The figure below (from Eckardstein, 2008; full reference at the end of this post) plots incidence of coronary events in men (on the vertical axis), over a period of 10 years, against HDL cholesterol levels (on the horizontal axis). Note: IFG = impaired fasting glucose. This relationship is similar for women, particularly post-menopausal women. Pre-menopausal women usually have higher HDL cholesterol levels than men, and a low incidence of coronary events.

From the figure above, one can say that a diabetic man with about 55 mg/dl of HDL cholesterol will have approximately the same chance, on average, of having a coronary event (a heart attack) as a man with no risk factors and about 20 mg/dl of HDL cholesterol. That chance will be about 7 percent. With 20 mg/dl of HDL cholesterol, the chance of a diabetic man having a coronary event would approach 50 percent.

We can also conclude from the figure above that a man with no risk factors will have a 5 percent chance of having a coronary event if his HDL cholesterol is about 25 mg/dl; and about 2 percent if his HDL cholesterol is greater than 60 mg/dl. This a 60 percent reduction in risk, a risk that was low to start with because of the absence of risk factors.

HDL cholesterol levels greater than 60 are associated with significantly reduced risks of coronary events, particularly for those with diabetes (the graph does not take diabetes type into consideration). Much higher levels of HDL cholesterol (beyond 60) do not seem to be associated with much lower risk of coronary events.

Conversely, a very low HDL cholesterol level (below 25) is a major risk factor when other risk factors are also present, particularly: diabetes, hypertension (high blood pressure), and familial hypercholesteromia (gene-induced very elevated LDL cholesterol).

It is not yet clear whether HDL cholesterol is a cause of reduced cardiovascular disease, or just a marker of other health factors that lead to reduced risk for cardiovascular disease.

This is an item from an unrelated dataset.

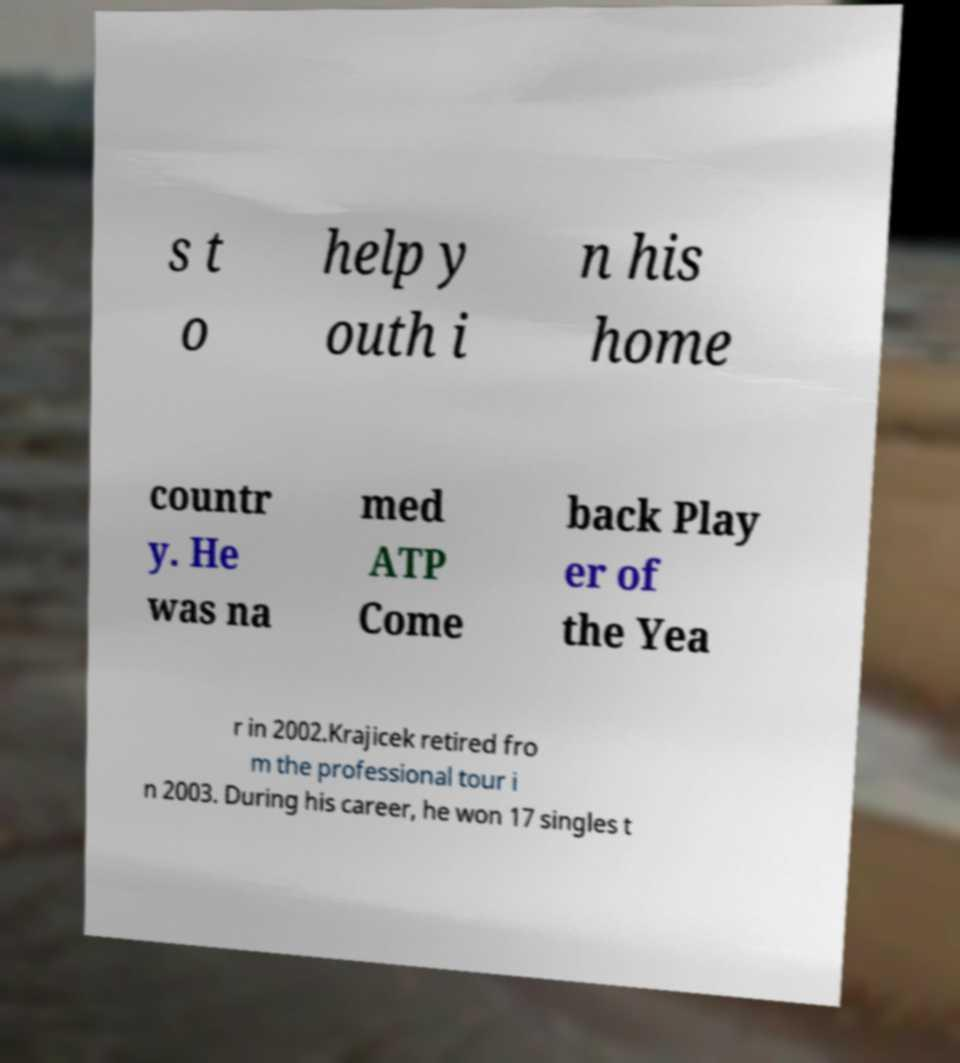What messages or text are displayed in this image? I need them in a readable, typed format. s t o help y outh i n his home countr y. He was na med ATP Come back Play er of the Yea r in 2002.Krajicek retired fro m the professional tour i n 2003. During his career, he won 17 singles t

Much of the empirical evidence suggests a causal relationship, and if this is the case then it may be a good idea to try to increase HDL levels. Even if HDL cholesterol is just a marker, the same strategy that increases it may also have a positive impact on the real causative factor of which HDL cholesterol is a marker.

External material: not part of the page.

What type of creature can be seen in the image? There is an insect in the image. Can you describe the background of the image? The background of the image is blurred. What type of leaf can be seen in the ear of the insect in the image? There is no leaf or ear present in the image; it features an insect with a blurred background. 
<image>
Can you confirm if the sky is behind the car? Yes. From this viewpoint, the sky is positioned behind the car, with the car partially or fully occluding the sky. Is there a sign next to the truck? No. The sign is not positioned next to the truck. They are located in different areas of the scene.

What can one do to increase his or her HDL cholesterol? One way is to replace refined carbs and sugars with saturated fat and cholesterol in one’s diet. (I know that this sounds counterintuitive, but seems to work.) Another is to increase one’s vitamin D status, through sun exposure or supplementation.

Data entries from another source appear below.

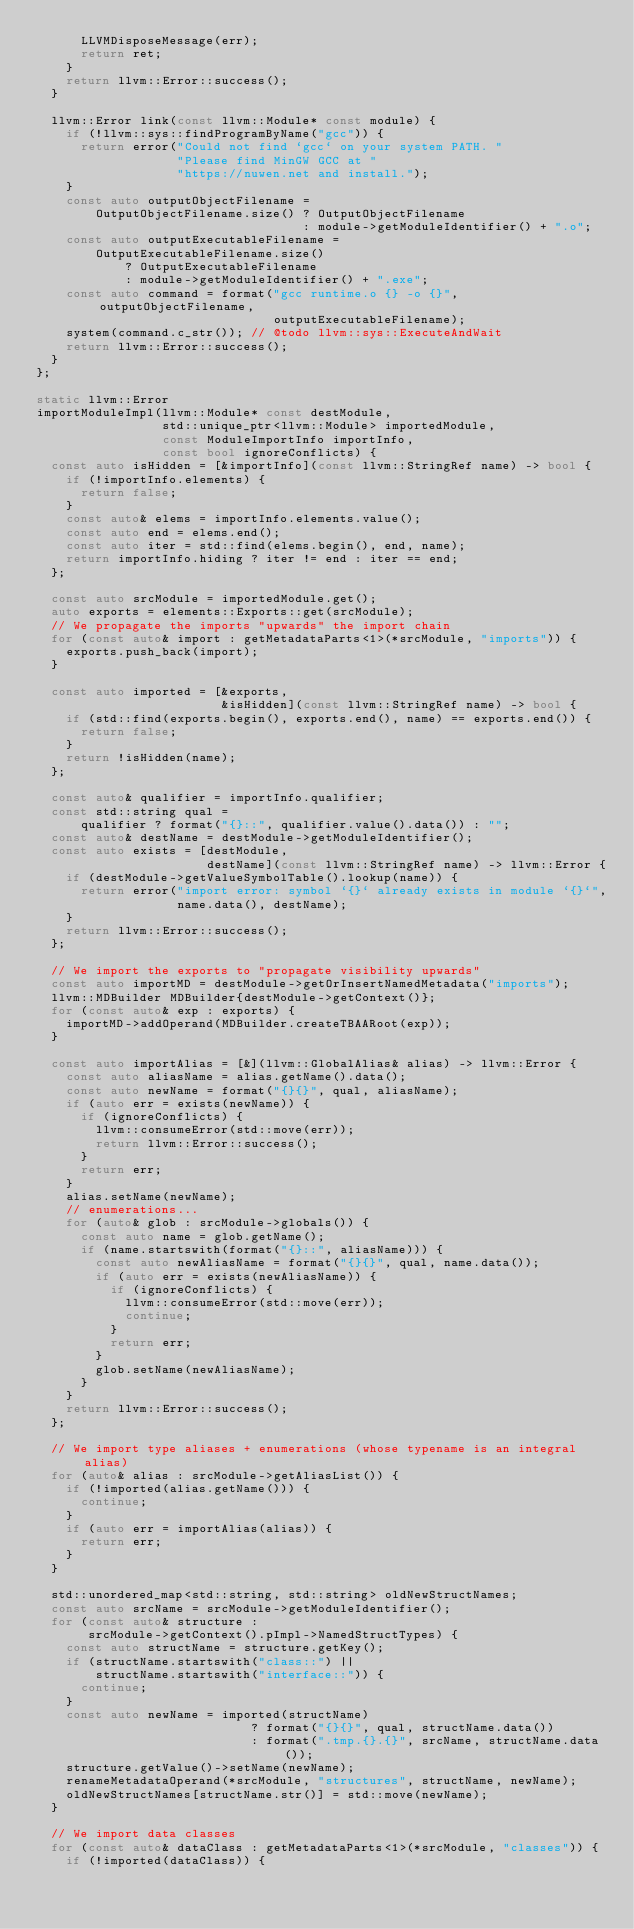<code> <loc_0><loc_0><loc_500><loc_500><_C++_>      LLVMDisposeMessage(err);
      return ret;
    }
    return llvm::Error::success();
  }

  llvm::Error link(const llvm::Module* const module) {
    if (!llvm::sys::findProgramByName("gcc")) {
      return error("Could not find `gcc` on your system PATH. "
                   "Please find MinGW GCC at "
                   "https://nuwen.net and install.");
    }
    const auto outputObjectFilename =
        OutputObjectFilename.size() ? OutputObjectFilename
                                    : module->getModuleIdentifier() + ".o";
    const auto outputExecutableFilename =
        OutputExecutableFilename.size()
            ? OutputExecutableFilename
            : module->getModuleIdentifier() + ".exe";
    const auto command = format("gcc runtime.o {} -o {}", outputObjectFilename,
                                outputExecutableFilename);
    system(command.c_str()); // @todo llvm::sys::ExecuteAndWait
    return llvm::Error::success();
  }
};

static llvm::Error
importModuleImpl(llvm::Module* const destModule,
                 std::unique_ptr<llvm::Module> importedModule,
                 const ModuleImportInfo importInfo,
                 const bool ignoreConflicts) {
  const auto isHidden = [&importInfo](const llvm::StringRef name) -> bool {
    if (!importInfo.elements) {
      return false;
    }
    const auto& elems = importInfo.elements.value();
    const auto end = elems.end();
    const auto iter = std::find(elems.begin(), end, name);
    return importInfo.hiding ? iter != end : iter == end;
  };

  const auto srcModule = importedModule.get();
  auto exports = elements::Exports::get(srcModule);
  // We propagate the imports "upwards" the import chain
  for (const auto& import : getMetadataParts<1>(*srcModule, "imports")) {
    exports.push_back(import);
  }

  const auto imported = [&exports,
                         &isHidden](const llvm::StringRef name) -> bool {
    if (std::find(exports.begin(), exports.end(), name) == exports.end()) {
      return false;
    }
    return !isHidden(name);
  };

  const auto& qualifier = importInfo.qualifier;
  const std::string qual =
      qualifier ? format("{}::", qualifier.value().data()) : "";
  const auto& destName = destModule->getModuleIdentifier();
  const auto exists = [destModule,
                       destName](const llvm::StringRef name) -> llvm::Error {
    if (destModule->getValueSymbolTable().lookup(name)) {
      return error("import error: symbol `{}` already exists in module `{}`",
                   name.data(), destName);
    }
    return llvm::Error::success();
  };

  // We import the exports to "propagate visibility upwards"
  const auto importMD = destModule->getOrInsertNamedMetadata("imports");
  llvm::MDBuilder MDBuilder{destModule->getContext()};
  for (const auto& exp : exports) {
    importMD->addOperand(MDBuilder.createTBAARoot(exp));
  }

  const auto importAlias = [&](llvm::GlobalAlias& alias) -> llvm::Error {
    const auto aliasName = alias.getName().data();
    const auto newName = format("{}{}", qual, aliasName);
    if (auto err = exists(newName)) {
      if (ignoreConflicts) {
        llvm::consumeError(std::move(err));
        return llvm::Error::success();
      }
      return err;
    }
    alias.setName(newName);
    // enumerations...
    for (auto& glob : srcModule->globals()) {
      const auto name = glob.getName();
      if (name.startswith(format("{}::", aliasName))) {
        const auto newAliasName = format("{}{}", qual, name.data());
        if (auto err = exists(newAliasName)) {
          if (ignoreConflicts) {
            llvm::consumeError(std::move(err));
            continue;
          }
          return err;
        }
        glob.setName(newAliasName);
      }
    }
    return llvm::Error::success();
  };

  // We import type aliases + enumerations (whose typename is an integral alias)
  for (auto& alias : srcModule->getAliasList()) {
    if (!imported(alias.getName())) {
      continue;
    }
    if (auto err = importAlias(alias)) {
      return err;
    }
  }

  std::unordered_map<std::string, std::string> oldNewStructNames;
  const auto srcName = srcModule->getModuleIdentifier();
  for (const auto& structure :
       srcModule->getContext().pImpl->NamedStructTypes) {
    const auto structName = structure.getKey();
    if (structName.startswith("class::") ||
        structName.startswith("interface::")) {
      continue;
    }
    const auto newName = imported(structName)
                             ? format("{}{}", qual, structName.data())
                             : format(".tmp.{}.{}", srcName, structName.data());
    structure.getValue()->setName(newName);
    renameMetadataOperand(*srcModule, "structures", structName, newName);
    oldNewStructNames[structName.str()] = std::move(newName);
  }

  // We import data classes
  for (const auto& dataClass : getMetadataParts<1>(*srcModule, "classes")) {
    if (!imported(dataClass)) {</code>

Other therapeutic interventions can also be used to increase HDL; some more natural than others. The figure below (also from Eckardstein, 2008) shows the maximum effects of several therapeutic interventions to increase HDL cholesterol.

Among the therapeutic interventions shown in the figure above, taking nicotinic acid (niacin) in pharmacological doses, of 1 to 3 g per day (higher dosages may be toxic), is by far the most effective way of increasing one’s HDL cholesterol. Only the niacin that causes flush is effective in this respect. No-flush niacin preparations may have some anti-inflammatory effects, but do not cause increases in HDL cholesterol.

Rimonabant, which is second to niacin in its effect on HDL cholesterol, is an appetite suppressor that has been associated with serious side effects and, to be best of my knowledge, has been largely banned from use in pharmaceutical drugs.

Third in terms of effectiveness, among the factors shown in the figure, is moderate alcohol consumption. Running about 19 miles per week (2.7 miles per day) and taking fibrates are tied in forth place.

Many people think that they are having a major allergic reaction, and have a panic attack, when they experience the niacin flush. This usually happens several minutes after taking niacin, and depends on the dose and whether niacin was consumed with food or not. It is not uncommon for one’s entire torso to turn hot red, as though the person had had major sunburn. This reaction is harmless, and usually disappears after several minutes.

One could say that, with niacin: no “pain” (i.e., flush), no gain.

Reference:

von Eckardstein, A. (2008). HDL – a difficult friend. Drug Discovery Today: Disease Mechanisms, 5(3), 315-324.